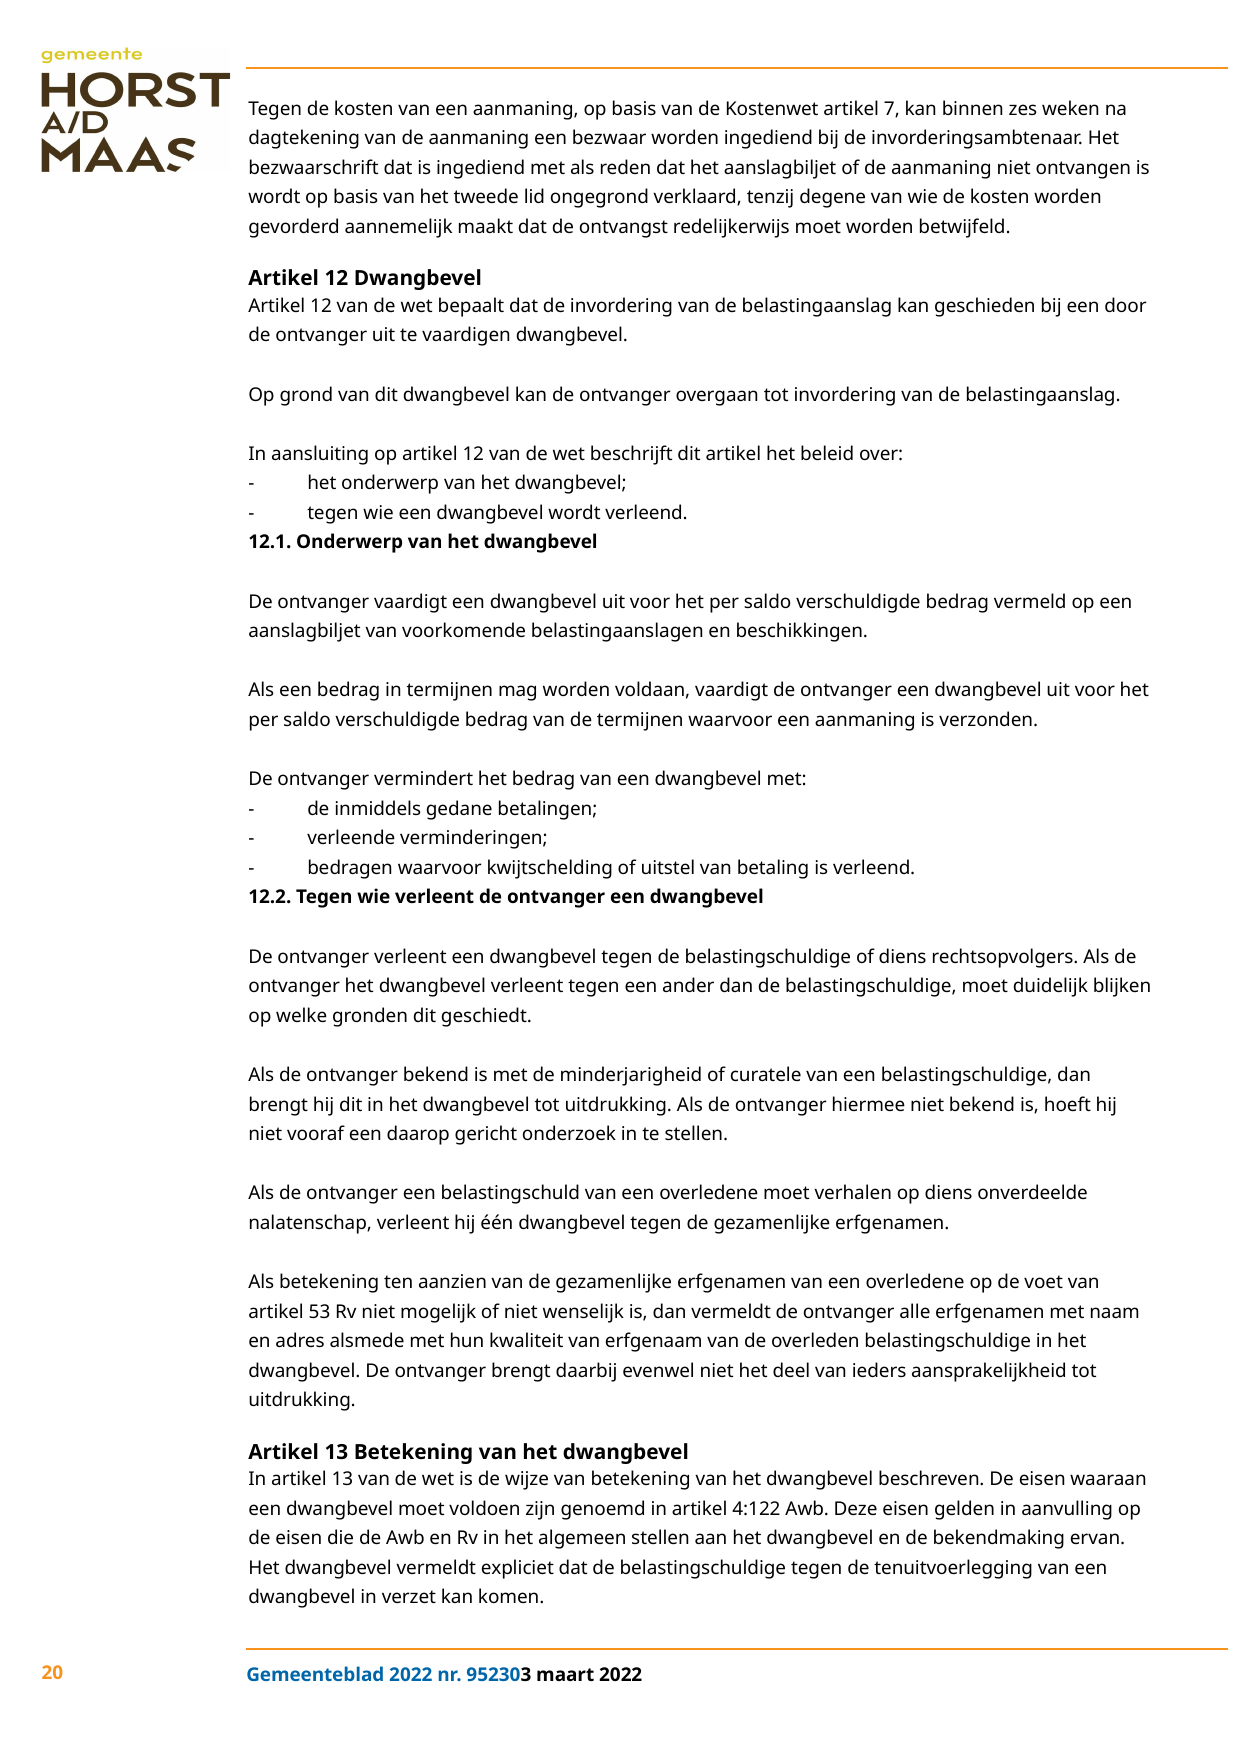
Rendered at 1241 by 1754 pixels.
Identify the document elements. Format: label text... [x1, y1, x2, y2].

list de inmiddels gedane betalingen; [248, 795, 1152, 821]
text Als een bedrag in termijnen mag worden voldaan, vaardigt de ontvanger een dwangbevel uit voor het per saldo verschuldigde bedrag van de termijnen waarvoor een aanmaning is verzonden. [248, 677, 1152, 732]
text Artikel 13 Betekening van het dwangbevel [248, 1437, 1152, 1465]
text Als betekening ten aanzien van de gezamenlijke erfgenamen van een overledene op de voet van artikel 53 Rv niet mogelijk of niet wenselijk is, dan vermeldt de ontvanger alle erfgenamen met naam en adres alsmede met hun kwaliteit van erfgenaam van de overleden belastingschuldige in het dwangbevel. De ontvanger brengt daarbij evenwel niet het deel van ieders aansprakelijkheid tot uitdrukking. [248, 1268, 1152, 1412]
text Artikel 12 Dwangbevel [248, 263, 1152, 292]
text Artikel 12 van de wet bepaalt dat de invordering van de belastingaanslag kan geschieden bij een door de ontvanger uit te vaardigen dwangbevel. [248, 292, 1152, 347]
text Als de ontvanger bekend is met de minderjarigheid of curatele van een belastingschuldige, dan brengt hij dit in het dwangbevel tot uitdrukking. Als de ontvanger hiermee niet bekend is, hoeft hij niet vooraf een daarop gericht onderzoek in te stellen. [248, 1061, 1152, 1146]
picture [41, 47, 231, 172]
list tegen wie een dwangbevel wordt verleend. [248, 499, 1152, 525]
list verleende verminderingen; [248, 824, 1152, 850]
text De ontvanger vaardigt een dwangbevel uit voor het per saldo verschuldigde bedrag vermeld op een aanslagbiljet van voorkomende belastingaanslagen en beschikkingen. [248, 588, 1152, 643]
text De ontvanger verleent een dwangbevel tegen de belastingschuldige of diens rechtsopvolgers. Als de ontvanger het dwangbevel verleent tegen een ander dan de belastingschuldige, moet duidelijk blijken op welke gronden dit geschiedt. [248, 943, 1152, 1028]
list bedragen waarvoor kwijtschelding of uitstel van betaling is verleend. [248, 854, 1152, 880]
text 12.2. Tegen wie verleent de ontvanger een dwangbevel [248, 884, 1152, 909]
text In artikel 13 van de wet is de wijze van betekening van het dwangbevel beschreven. De eisen waaraan een dwangbevel moet voldoen zijn genoemd in artikel 4:122 Awb. Deze eisen gelden in aanvulling op de eisen die de Awb en Rv in het algemeen stellen aan het dwangbevel en de bekendmaking ervan. Het dwangbevel vermeldt expliciet dat de belastingschuldige tegen de tenuitvoerlegging van een dwangbevel in verzet kan komen. [248, 1465, 1152, 1609]
text Op grond van dit dwangbevel kan de ontvanger overgaan tot invordering van de belastingaanslag. [248, 381, 1152, 406]
list het onderwerp van het dwangbevel; [248, 469, 1152, 495]
text Tegen de kosten van een aanmaning, op basis van de Kostenwet artikel 7, kan binnen zes weken na dagtekening van de aanmaning een bezwaar worden ingediend bij de invorderingsambtenaar. Het bezwaarschrift dat is ingediend met als reden dat het aanslagbiljet of de aanmaning niet ontvangen is wordt op basis van het tweede lid ongegrond verklaard, tenzij degene van wie de kosten worden gevorderd aannemelijk maakt dat de ontvangst redelijkerwijs moet worden betwijfeld. [248, 95, 1152, 239]
text Als de ontvanger een belastingschuld van een overledene moet verhalen op diens onverdeelde nalatenschap, verleent hij één dwangbevel tegen de gezamenlijke erfgenamen. [248, 1179, 1152, 1235]
text 12.1. Onderwerp van het dwangbevel [248, 529, 1152, 554]
text De ontvanger vermindert het bedrag van een dwangbevel met: [248, 765, 1152, 791]
text In aansluiting op artikel 12 van de wet beschrijft dit artikel het beleid over: [248, 440, 1152, 466]
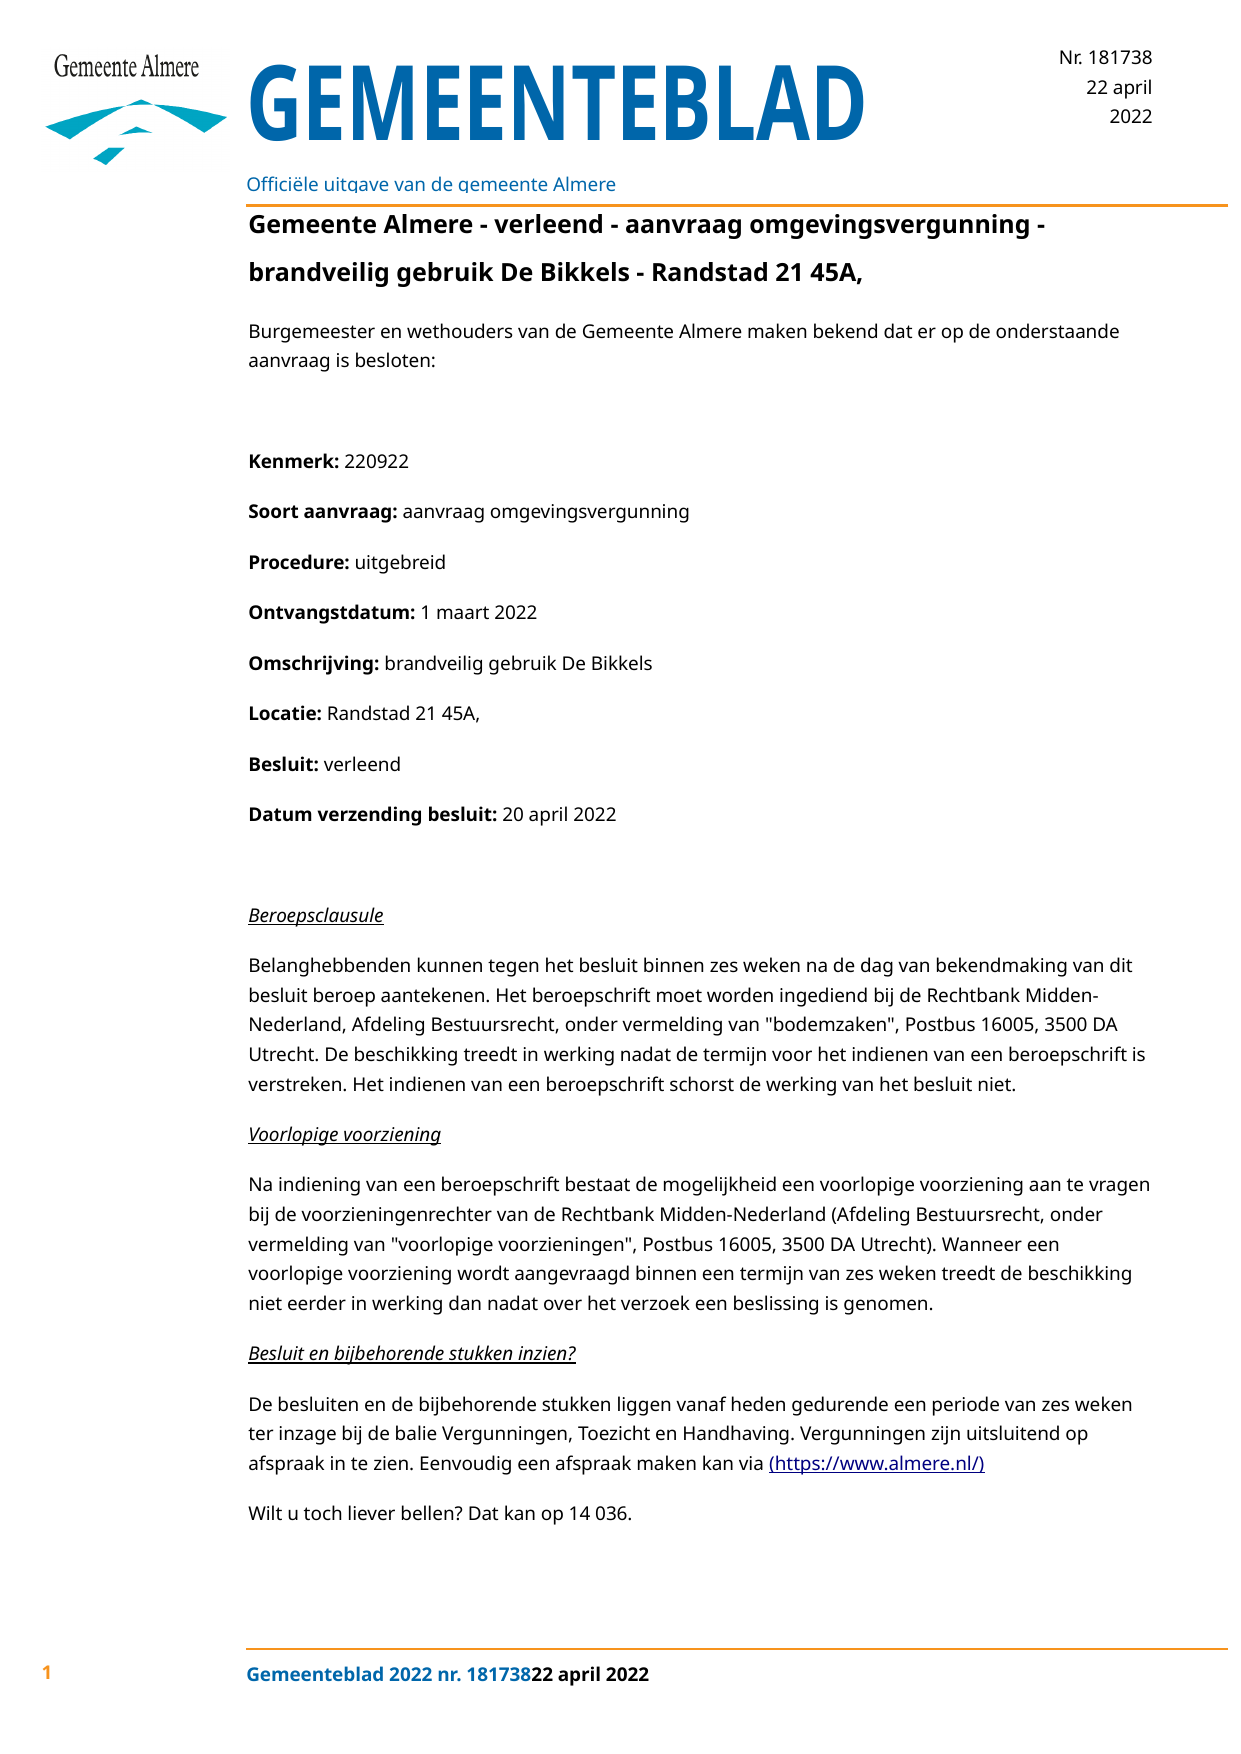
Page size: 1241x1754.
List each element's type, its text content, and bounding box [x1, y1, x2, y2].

text Soort aanvraag: aanvraag omgevingsvergunning [248, 499, 1152, 524]
text Gemeente Almere - verleend - aanvraag omgevingsvergunning - brandveilig gebruik De Bikkels - Randstad 21 45A, [248, 207, 1152, 288]
text Locatie: Randstad 21 45A, [248, 700, 1152, 726]
text Beroepsclausule [248, 902, 1152, 928]
text Na indiening van een beroepschrift bestaat de mogelijkheid een voorlopige voorziening aan te vragen bij de voorzieningenrechter van de Rechtbank Midden-Nederland (Afdeling Bestuursrecht, onder vermelding van "voorlopige voorzieningen", Postbus 16005, 3500 DA Utrecht). Wanneer een voorlopige voorziening wordt aangevraagd binnen een termijn van zes weken treedt de beschikking niet eerder in werking dan nadat over het verzoek een beslissing is genomen. [248, 1172, 1152, 1316]
text Besluit en bijbehorende stukken inzien? [248, 1340, 1152, 1366]
text Ontvangstdatum: 1 maart 2022 [248, 599, 1152, 625]
text Procedure: uitgebreid [248, 549, 1152, 575]
text Kenmerk: 220922 [248, 448, 1152, 474]
text Datum verzending besluit: 20 april 2022 [248, 801, 1152, 827]
text Belanghebbenden kunnen tegen het besluit binnen zes weken na de dag van bekendmaking van dit besluit beroep aantekenen. Het beroepschrift moet worden ingediend bij de Rechtbank Midden-Nederland, Afdeling Bestuursrecht, onder vermelding van "bodemzaken", Postbus 16005, 3500 DA Utrecht. De beschikking treedt in werking nadat de termijn voor het indienen van een beroepschrift is verstreken. Het indienen van een beroepschrift schorst de werking van het besluit niet. [248, 952, 1152, 1097]
text De besluiten en de bijbehorende stukken liggen vanaf heden gedurende een periode van zes weken ter inzage bij de balie Vergunningen, Toezicht en Handhaving. Vergunningen zijn uitsluitend op afspraak in te zien. Eenvoudig een afspraak maken kan via (https://www.almere.nl/) [248, 1391, 1152, 1476]
text Voorlopige voorziening [248, 1121, 1152, 1147]
text Wilt u toch liever bellen? Dat kan op 14 036. [248, 1500, 1152, 1526]
text Omschrijving: brandveilig gebruik De Bikkels [248, 650, 1152, 676]
picture [41, 47, 231, 172]
text Burgemeester en wethouders van de Gemeente Almere maken bekend dat er op de onderstaande aanvraag is besloten: [248, 318, 1152, 373]
text Besluit: verleend [248, 751, 1152, 777]
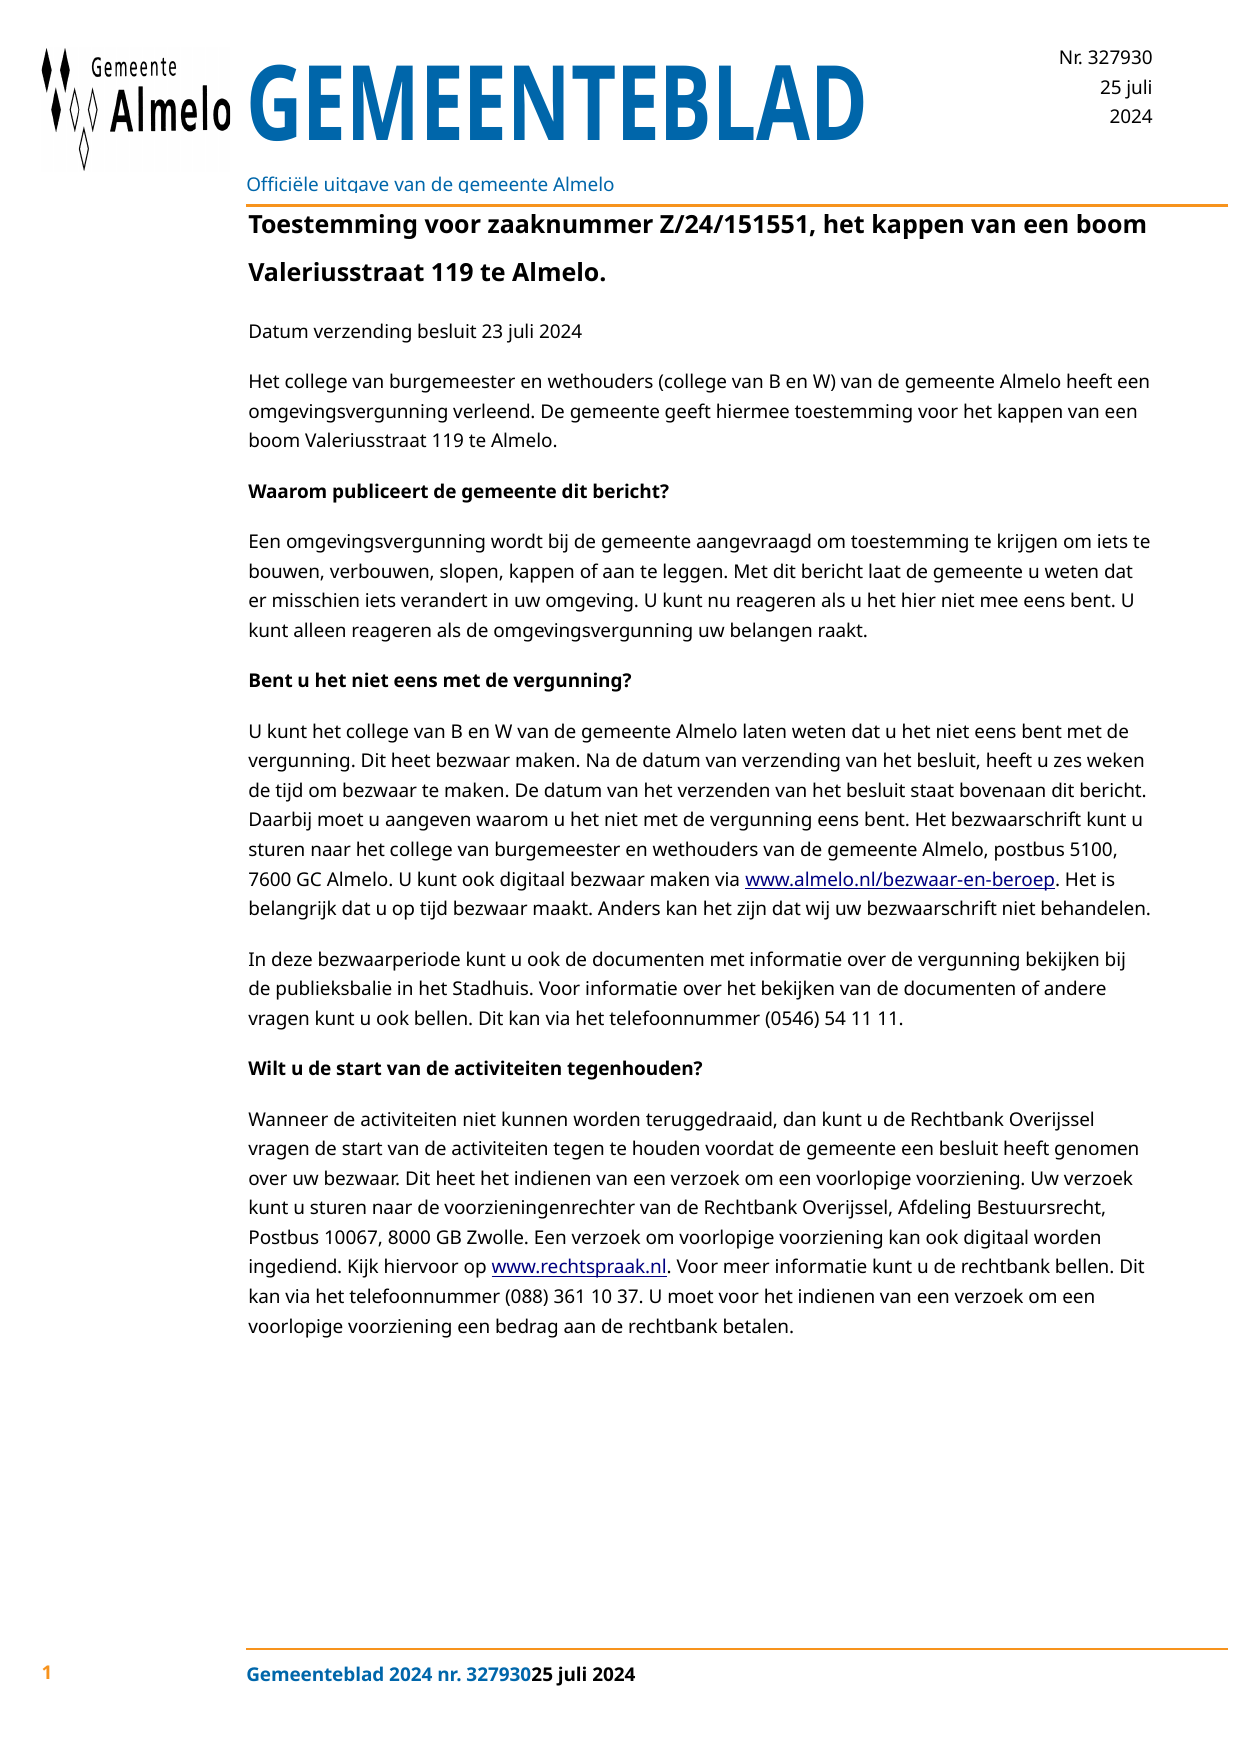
===============
• Required work: For each line above that carries the word "saldo", copy it out.

• Answer section:
text Als een bedrag in termijnen mag worden voldaan, vaardigt de ontvanger een dwangbevel uit voor het per saldo verschuldigde bedrag van de termijnen waarvoor een aanmaning is verzonden. [248, 677, 1152, 732]
text De ontvanger vaardigt een dwangbevel uit voor het per saldo verschuldigde bedrag vermeld op een aanslagbiljet van voorkomende belastingaanslagen en beschikkingen. [248, 588, 1152, 643]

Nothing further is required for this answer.